═════ Data for this task
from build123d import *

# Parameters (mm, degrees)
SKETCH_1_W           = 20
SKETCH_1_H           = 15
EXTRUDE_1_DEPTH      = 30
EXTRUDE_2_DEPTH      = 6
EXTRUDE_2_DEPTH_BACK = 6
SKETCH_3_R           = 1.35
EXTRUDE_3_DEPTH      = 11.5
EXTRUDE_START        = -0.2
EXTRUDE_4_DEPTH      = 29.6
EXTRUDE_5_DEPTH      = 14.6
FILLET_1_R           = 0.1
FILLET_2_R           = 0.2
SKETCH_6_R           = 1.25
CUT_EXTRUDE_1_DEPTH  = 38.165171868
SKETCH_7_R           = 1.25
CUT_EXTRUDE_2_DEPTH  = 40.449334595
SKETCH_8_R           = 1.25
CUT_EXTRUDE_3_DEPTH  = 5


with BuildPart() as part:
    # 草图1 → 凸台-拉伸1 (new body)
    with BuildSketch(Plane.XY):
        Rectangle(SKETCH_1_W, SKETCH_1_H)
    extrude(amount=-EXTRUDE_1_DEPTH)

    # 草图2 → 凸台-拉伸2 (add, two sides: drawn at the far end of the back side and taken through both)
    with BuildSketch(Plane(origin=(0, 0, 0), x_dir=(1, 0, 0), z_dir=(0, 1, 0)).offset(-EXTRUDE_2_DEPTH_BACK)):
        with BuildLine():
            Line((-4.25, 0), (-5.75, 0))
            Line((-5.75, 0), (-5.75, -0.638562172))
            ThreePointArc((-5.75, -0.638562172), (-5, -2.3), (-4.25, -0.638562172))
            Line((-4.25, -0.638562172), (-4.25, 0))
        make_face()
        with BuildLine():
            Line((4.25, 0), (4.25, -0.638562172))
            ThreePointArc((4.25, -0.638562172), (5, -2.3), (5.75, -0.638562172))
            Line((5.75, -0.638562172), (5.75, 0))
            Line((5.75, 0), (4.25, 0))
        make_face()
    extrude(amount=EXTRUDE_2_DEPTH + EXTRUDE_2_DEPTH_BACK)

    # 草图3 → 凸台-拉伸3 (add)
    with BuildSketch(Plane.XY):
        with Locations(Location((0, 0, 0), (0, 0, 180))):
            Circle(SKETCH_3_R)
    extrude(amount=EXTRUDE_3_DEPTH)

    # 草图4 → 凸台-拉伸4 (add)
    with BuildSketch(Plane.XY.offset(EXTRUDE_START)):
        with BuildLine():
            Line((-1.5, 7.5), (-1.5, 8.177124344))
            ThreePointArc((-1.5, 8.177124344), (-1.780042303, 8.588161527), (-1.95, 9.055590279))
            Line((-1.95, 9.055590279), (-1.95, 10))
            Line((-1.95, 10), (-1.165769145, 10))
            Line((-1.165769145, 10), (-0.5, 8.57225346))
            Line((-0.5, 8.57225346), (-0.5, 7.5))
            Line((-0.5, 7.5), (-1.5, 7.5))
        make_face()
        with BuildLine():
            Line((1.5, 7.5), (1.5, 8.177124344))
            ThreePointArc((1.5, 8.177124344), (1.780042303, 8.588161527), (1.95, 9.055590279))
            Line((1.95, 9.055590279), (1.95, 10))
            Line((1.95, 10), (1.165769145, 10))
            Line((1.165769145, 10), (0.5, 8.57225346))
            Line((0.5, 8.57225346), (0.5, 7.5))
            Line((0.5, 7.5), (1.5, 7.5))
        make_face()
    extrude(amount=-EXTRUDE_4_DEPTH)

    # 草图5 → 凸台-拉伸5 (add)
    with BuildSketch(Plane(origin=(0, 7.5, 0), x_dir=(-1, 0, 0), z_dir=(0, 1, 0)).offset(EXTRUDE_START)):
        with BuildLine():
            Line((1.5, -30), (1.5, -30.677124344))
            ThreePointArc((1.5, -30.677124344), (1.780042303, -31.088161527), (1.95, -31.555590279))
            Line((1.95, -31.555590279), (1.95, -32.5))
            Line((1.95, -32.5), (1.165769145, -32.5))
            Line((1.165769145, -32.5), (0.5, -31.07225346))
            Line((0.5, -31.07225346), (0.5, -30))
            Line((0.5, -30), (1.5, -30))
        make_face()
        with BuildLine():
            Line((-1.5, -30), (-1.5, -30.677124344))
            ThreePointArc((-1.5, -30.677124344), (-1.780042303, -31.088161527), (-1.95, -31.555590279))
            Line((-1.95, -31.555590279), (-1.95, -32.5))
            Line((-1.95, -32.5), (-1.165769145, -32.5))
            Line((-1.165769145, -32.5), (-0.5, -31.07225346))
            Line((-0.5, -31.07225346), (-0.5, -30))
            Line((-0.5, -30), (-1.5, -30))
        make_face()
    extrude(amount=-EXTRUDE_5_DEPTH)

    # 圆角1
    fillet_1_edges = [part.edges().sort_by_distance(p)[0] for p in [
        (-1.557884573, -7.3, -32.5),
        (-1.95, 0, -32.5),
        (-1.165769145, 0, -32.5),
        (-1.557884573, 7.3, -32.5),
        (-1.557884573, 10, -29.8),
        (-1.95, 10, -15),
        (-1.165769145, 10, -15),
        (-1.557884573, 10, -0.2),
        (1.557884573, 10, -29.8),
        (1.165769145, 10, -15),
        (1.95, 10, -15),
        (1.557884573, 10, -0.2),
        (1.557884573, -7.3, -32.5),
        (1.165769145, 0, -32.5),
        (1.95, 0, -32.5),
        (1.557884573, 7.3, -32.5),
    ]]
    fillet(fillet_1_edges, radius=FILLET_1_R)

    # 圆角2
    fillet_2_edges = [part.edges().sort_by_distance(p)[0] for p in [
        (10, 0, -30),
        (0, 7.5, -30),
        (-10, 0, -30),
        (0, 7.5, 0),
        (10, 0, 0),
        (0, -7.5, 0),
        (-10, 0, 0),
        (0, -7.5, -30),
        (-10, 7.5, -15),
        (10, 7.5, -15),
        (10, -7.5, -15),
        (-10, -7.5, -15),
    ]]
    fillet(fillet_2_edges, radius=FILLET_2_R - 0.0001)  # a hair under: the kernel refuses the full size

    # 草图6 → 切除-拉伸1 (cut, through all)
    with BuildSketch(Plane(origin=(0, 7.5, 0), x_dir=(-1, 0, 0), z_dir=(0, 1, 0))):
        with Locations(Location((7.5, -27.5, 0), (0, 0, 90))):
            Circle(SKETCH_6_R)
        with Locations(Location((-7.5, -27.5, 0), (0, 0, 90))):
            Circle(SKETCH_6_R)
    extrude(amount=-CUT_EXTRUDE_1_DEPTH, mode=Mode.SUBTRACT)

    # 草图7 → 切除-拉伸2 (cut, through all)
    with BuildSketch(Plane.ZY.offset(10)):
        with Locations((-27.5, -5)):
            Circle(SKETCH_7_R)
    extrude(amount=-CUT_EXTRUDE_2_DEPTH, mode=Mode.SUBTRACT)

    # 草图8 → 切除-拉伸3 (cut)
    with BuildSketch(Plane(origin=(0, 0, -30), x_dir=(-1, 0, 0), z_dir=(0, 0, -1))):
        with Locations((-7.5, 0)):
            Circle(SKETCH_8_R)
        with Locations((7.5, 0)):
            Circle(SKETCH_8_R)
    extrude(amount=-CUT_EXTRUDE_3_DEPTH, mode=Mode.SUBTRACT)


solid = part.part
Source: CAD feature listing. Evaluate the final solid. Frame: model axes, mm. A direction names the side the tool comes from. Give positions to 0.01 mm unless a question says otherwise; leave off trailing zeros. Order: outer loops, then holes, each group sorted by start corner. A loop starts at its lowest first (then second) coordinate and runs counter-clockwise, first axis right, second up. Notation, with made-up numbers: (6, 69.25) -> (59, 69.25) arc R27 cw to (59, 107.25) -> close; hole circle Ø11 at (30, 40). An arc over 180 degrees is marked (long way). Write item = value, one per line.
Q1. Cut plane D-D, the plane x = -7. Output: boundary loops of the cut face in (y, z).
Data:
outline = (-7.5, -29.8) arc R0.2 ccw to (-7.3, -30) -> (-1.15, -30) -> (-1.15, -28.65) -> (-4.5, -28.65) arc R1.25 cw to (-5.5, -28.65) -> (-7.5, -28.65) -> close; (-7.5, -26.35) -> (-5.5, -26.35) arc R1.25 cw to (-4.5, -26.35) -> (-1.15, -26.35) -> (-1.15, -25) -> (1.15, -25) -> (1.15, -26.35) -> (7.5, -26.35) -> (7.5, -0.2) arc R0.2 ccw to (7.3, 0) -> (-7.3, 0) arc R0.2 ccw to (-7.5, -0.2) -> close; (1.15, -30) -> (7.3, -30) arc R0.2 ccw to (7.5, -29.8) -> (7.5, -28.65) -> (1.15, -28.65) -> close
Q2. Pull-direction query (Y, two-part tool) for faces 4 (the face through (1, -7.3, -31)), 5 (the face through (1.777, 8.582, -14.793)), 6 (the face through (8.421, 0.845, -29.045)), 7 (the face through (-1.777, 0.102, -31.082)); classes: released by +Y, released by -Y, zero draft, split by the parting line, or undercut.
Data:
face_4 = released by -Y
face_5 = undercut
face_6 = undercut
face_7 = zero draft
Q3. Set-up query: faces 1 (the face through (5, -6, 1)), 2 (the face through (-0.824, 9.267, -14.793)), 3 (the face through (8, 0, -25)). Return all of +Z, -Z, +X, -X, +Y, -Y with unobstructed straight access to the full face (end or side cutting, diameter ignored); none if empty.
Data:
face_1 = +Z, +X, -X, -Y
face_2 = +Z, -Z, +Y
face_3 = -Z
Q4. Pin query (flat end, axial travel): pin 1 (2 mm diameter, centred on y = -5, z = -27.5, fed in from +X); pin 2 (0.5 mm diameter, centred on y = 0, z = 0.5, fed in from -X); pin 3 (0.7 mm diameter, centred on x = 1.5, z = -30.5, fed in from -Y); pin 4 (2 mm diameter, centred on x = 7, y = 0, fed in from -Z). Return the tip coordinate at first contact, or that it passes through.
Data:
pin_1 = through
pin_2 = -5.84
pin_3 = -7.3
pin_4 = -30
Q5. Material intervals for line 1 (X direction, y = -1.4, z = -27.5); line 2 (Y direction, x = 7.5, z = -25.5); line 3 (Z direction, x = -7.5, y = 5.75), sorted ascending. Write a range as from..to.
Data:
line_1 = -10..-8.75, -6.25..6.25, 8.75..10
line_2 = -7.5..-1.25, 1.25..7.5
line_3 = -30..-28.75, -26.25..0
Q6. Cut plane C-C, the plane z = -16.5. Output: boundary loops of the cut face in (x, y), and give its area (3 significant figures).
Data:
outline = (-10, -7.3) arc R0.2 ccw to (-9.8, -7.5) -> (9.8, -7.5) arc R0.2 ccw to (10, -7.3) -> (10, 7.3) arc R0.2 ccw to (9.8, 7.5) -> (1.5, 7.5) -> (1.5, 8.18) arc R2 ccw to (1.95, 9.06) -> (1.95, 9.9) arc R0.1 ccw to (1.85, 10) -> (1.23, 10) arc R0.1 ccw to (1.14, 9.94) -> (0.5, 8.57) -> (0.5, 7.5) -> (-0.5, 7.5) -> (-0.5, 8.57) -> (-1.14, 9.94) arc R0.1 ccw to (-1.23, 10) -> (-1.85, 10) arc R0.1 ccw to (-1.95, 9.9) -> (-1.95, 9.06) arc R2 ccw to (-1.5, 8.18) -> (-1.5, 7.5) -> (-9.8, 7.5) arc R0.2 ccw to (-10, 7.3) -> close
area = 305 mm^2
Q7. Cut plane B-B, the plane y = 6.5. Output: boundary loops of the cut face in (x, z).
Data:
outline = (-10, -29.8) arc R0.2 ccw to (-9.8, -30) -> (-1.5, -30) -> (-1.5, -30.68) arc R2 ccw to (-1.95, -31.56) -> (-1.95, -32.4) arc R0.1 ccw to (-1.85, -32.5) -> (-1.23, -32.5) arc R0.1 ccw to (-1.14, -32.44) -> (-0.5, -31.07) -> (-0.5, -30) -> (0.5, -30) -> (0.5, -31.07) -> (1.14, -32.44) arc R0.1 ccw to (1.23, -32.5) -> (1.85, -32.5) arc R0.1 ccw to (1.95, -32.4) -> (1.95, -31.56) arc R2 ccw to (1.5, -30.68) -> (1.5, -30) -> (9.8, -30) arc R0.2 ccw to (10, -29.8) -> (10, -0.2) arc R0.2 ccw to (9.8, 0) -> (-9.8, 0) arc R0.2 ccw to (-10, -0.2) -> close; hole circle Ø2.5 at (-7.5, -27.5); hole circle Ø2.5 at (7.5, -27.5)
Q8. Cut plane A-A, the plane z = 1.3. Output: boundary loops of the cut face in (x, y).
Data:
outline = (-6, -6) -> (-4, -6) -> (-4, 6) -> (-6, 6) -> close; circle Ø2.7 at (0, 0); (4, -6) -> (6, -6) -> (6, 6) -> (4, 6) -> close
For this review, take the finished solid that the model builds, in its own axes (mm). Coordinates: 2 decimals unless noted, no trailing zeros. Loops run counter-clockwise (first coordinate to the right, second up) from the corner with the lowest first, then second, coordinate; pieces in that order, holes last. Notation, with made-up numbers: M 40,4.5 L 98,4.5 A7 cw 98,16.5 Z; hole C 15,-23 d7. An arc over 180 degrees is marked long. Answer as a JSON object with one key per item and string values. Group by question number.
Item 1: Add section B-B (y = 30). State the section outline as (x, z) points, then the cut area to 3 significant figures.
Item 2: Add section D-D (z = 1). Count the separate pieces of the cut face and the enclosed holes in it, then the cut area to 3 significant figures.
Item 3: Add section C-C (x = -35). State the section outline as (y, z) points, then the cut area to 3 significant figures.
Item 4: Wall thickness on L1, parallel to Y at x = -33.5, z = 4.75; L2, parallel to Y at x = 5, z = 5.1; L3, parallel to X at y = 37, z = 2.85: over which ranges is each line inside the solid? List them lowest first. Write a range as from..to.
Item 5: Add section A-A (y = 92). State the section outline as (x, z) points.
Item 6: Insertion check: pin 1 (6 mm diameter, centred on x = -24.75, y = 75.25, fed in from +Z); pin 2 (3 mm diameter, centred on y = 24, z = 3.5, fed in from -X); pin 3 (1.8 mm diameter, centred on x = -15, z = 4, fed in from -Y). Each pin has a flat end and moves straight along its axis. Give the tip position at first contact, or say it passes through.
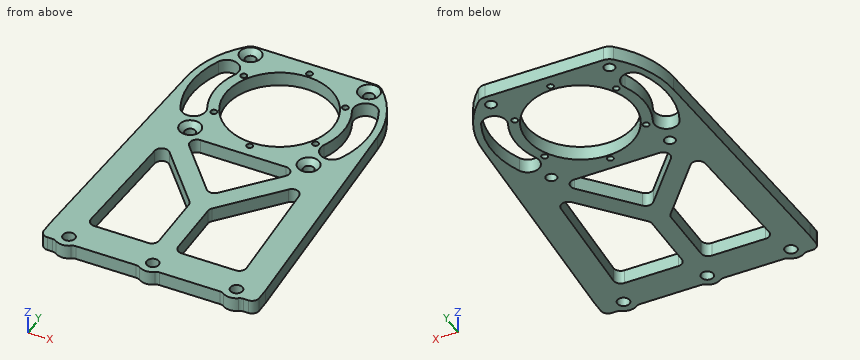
══════════
Problem statement — Scan the entries above for the string "Locations", and copy every line where it turns up.

Result —
        with Locations(Location((0, 0, 0), (0, 0, 180))):
        with Locations(Location((7.5, -27.5, 0), (0, 0, 90))):
        with Locations(Location((-7.5, -27.5, 0), (0, 0, 90))):
        with Locations((-27.5, -5)):
        with Locations((-7.5, 0)):
        with Locations((7.5, 0)):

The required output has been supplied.